Филипп сделал какую-то запись в блокноте, что-то подчеркнул, что-то обвел, а после отложил его в сторону и задумался. После паузы он обратился к Симону.
– Я снова насчет Отца…
– Нет, не мое, – уверенно покачал головой Симон. – Нужен кто-то другой.
– Но у нас на данный момент больше никого нет. И кстати, что у нас с набором?
– Ничего пока, – ответил Аарон. – Может уже стоит дать объявление?
– Нет, надо еще поспрашивать среди знакомых, – задумчиво ответил Филипп. – Предложить мы пока что ничего не можем кроме интересного творческого процесса, но это должно быть интересно не только нам, но и самому кандидату, поэтому нужно знать кого стоит приглашать, а кого – нет… Хотя можно и объявить, – согласился он в конце концов, но после добавил: – Но прежде нужно понять кто нам еще из действующих лиц может быть нужен.
Чтобы особо не смущать актеров своей неуверенностью, Филипп снова пригласил каждого участника поделиться своим видением Отца – персонажа, с которым он сам еще не определился.
– Это умудренный опытом человек…
– Он будет все воспринимать спокойно, хладнокровно, и с особым вниманием относиться к трудностям детей…
– Он такой, что может позволить сыновьям действовать по своей воле, но свое слово скажет, даст напутствие, предупредит о возможных опасностях…
– Классический образ, – сделал вывод Филипп. – Хорошо, пусть будет так. Какие могут у него быть взаимоотношения с сыновьями?
– Старший – первенец. Он на особом положении, – предположил Артур. – Младший же…
– …младший, и тоже на особом положении, – усмехнулся Саад. – Это звучит слишком банально, слишком просто. Мы приняли, что наш Омид довольно-таки деловой парень, успешный, прагматичный, не нуждающийся в чем-либо. Мы не говорили о возрасте наших героев в принципе, и я вот думаю: может ли что-то зависеть от этого?
– От возраста? – решил уточнить Филипп, и на кивок Саада продолжил. – Я полагаю, что чем старше будет Омид, тем сложнее нам будет показать его таким подвижным, готовым на безумные действия. Я не отрицаю, что и в зрелом возрасте можно совершать дерзкие поступки, проходить через горький опыт и через это меняться к лучшему, но сможете ли вы взять на себя и эту нагрузку?
Казалось, все присутствующие начали думать в этом направлении, и Филипп поспешил выдать им свое решение как аксиому.

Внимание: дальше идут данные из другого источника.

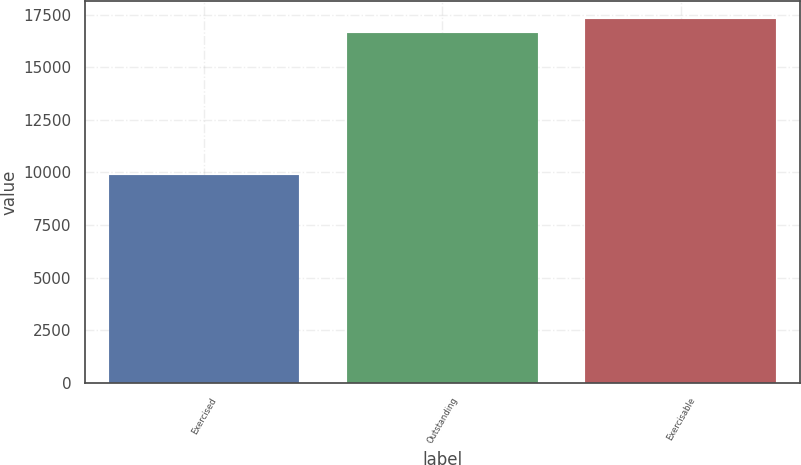Convert chart. <chart><loc_0><loc_0><loc_500><loc_500><bar_chart><fcel>Exercised<fcel>Outstanding<fcel>Exercisable<nl><fcel>9890<fcel>16605<fcel>17276.5<nl></chart>

– Нет, не стоит. Выжимайте все из своего опыта, из своего юного видения, из своих жизней, в конце концов. Если же этот спектакль будет играться лет через двадцать-тридцать, то там можете делать поправки на ваш возраст.
Эта фраза улыбнула всех до единого и заметно оживила творческий дух коллектива.
– Ладно, – согласился Саад, – возраст оставим в покое. Тогда вернемся к его личным качествам. Деловой, успешный, прагматичный… Я думаю вот о чем: совершал ли я что-то такое в прошлом, в результате чего я стал таким? Ведь я вот-вот приму решение, которое перевернет мою жизнь.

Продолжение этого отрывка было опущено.